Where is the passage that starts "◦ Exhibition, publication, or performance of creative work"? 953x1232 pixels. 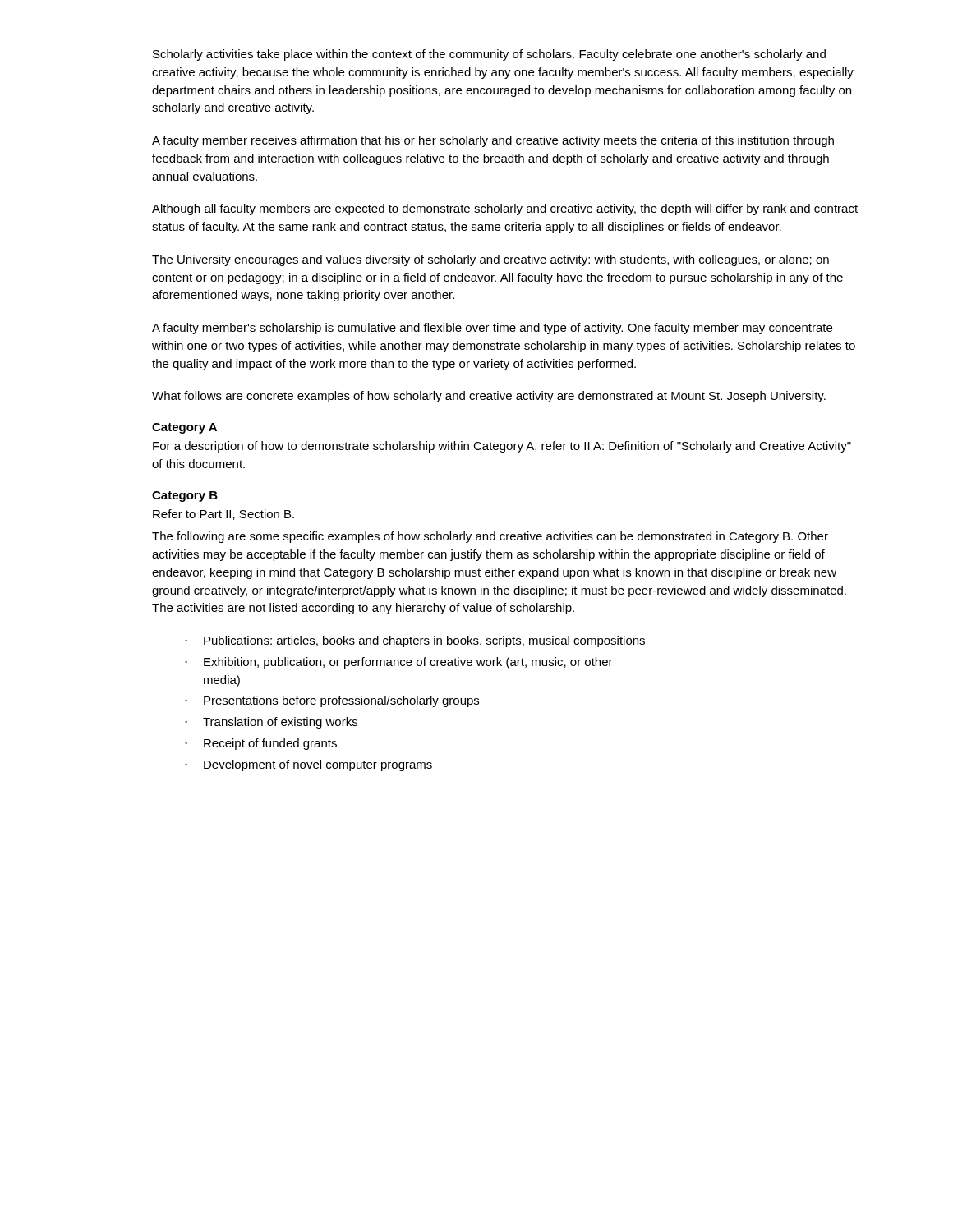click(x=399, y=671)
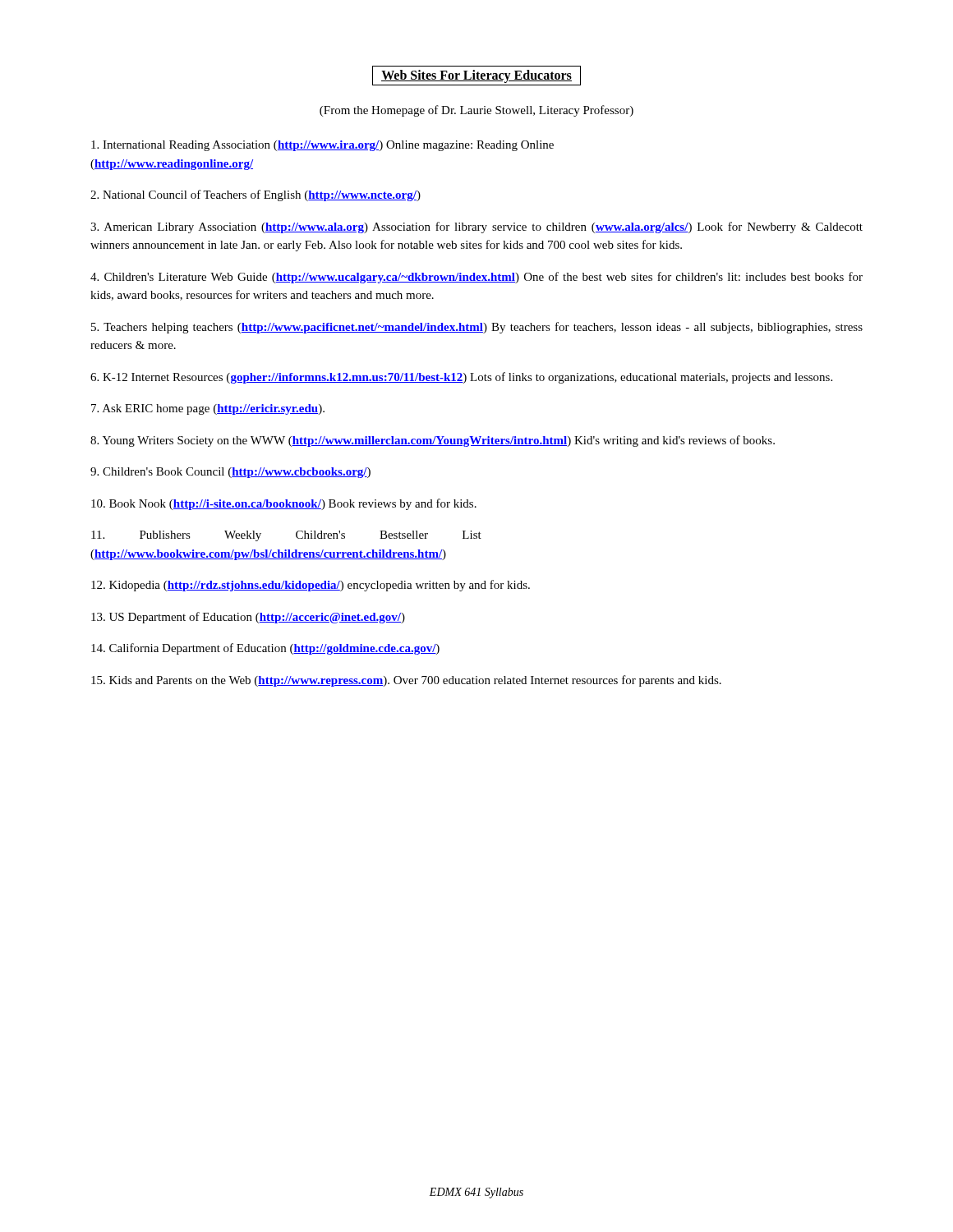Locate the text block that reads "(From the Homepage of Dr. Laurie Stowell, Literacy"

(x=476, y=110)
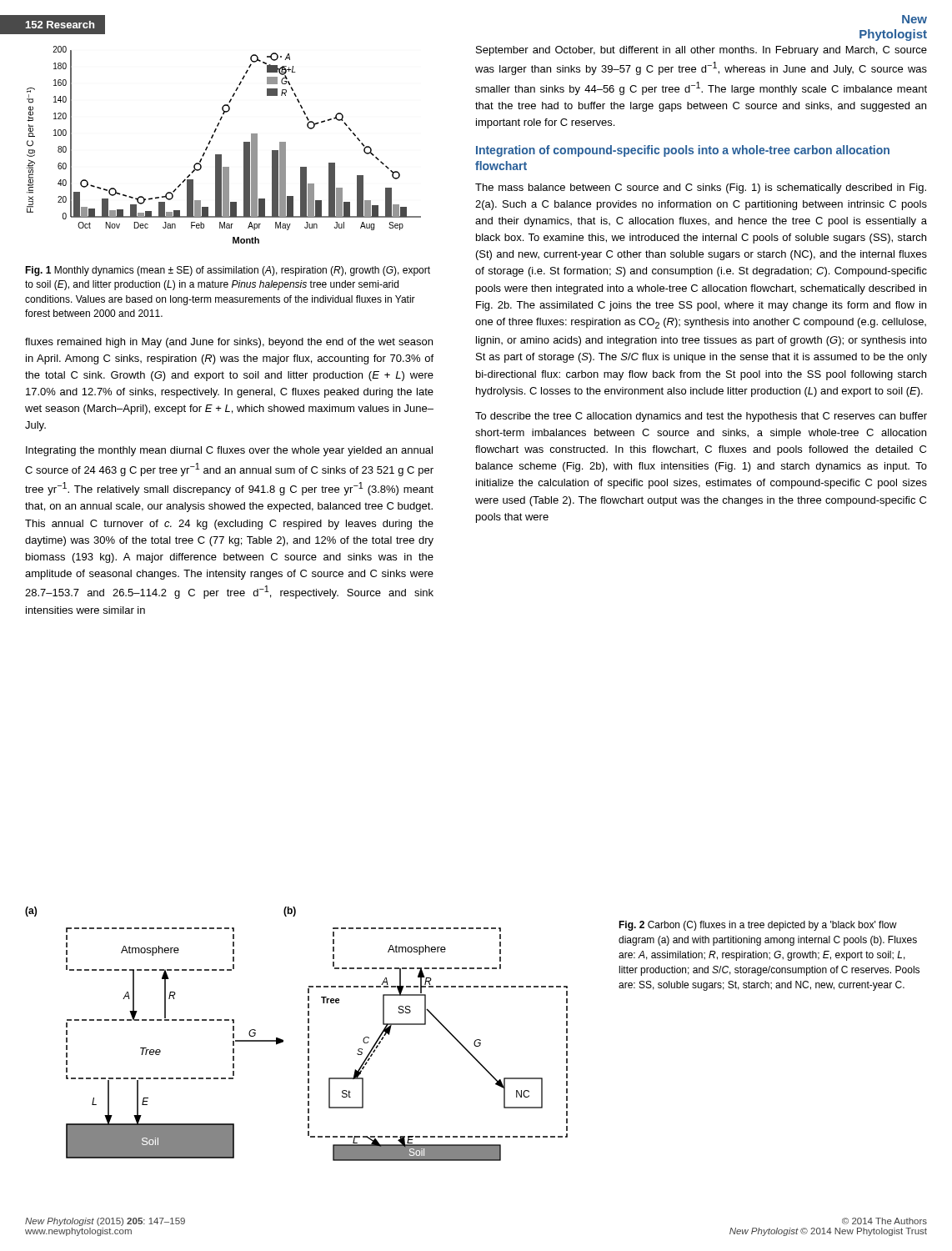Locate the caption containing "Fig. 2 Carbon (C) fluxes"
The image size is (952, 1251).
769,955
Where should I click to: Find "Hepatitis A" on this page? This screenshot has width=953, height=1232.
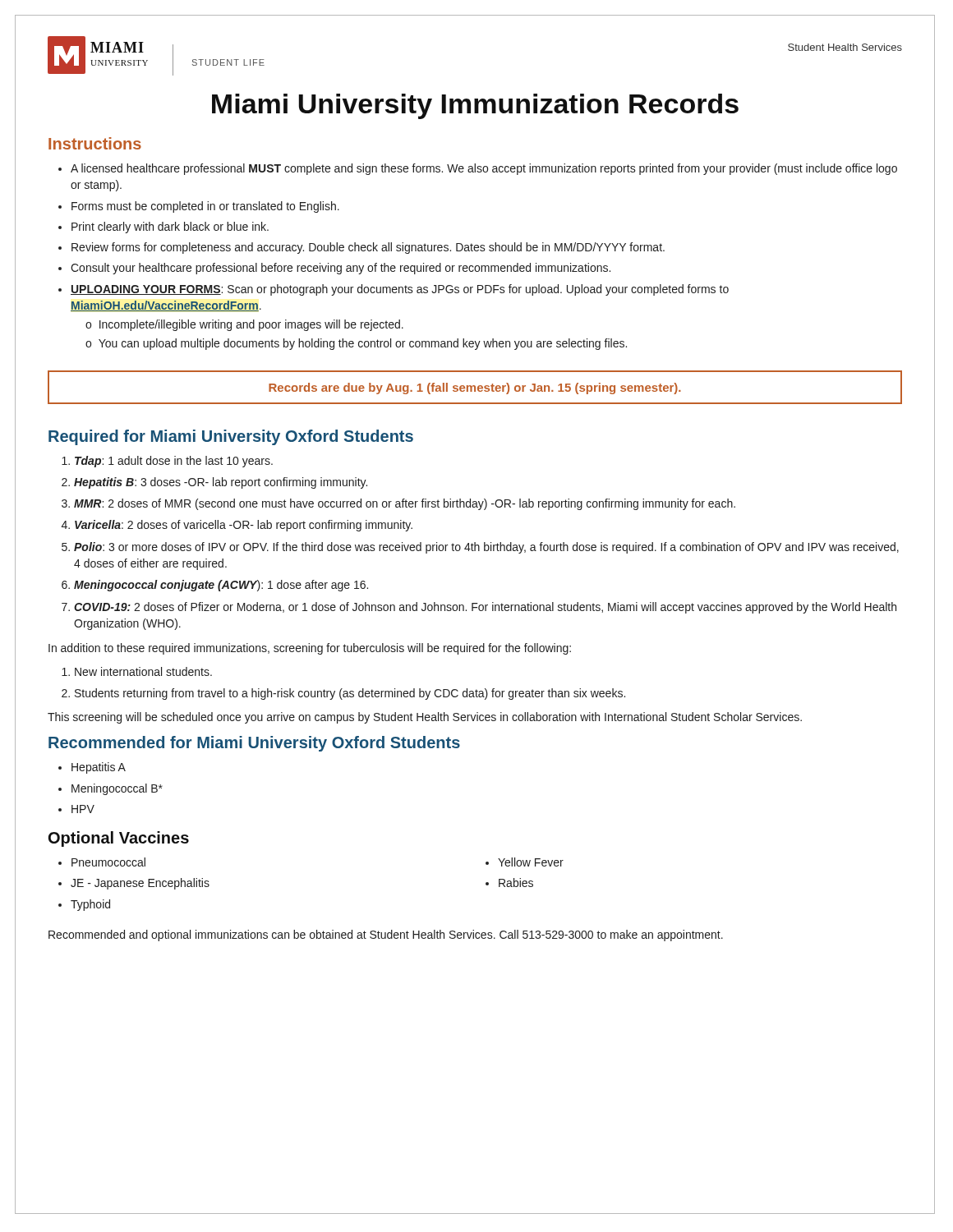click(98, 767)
--------------------------------
ACTIVITY:
Having located the line with "Where should I", transcribe exactly and only the lines from it to the final line of the material, skipping the pictures.

EXERCISE RESULT:
Where should I click to: Find "Hepatitis A" on this page? This screenshot has width=953, height=1232.
click(98, 767)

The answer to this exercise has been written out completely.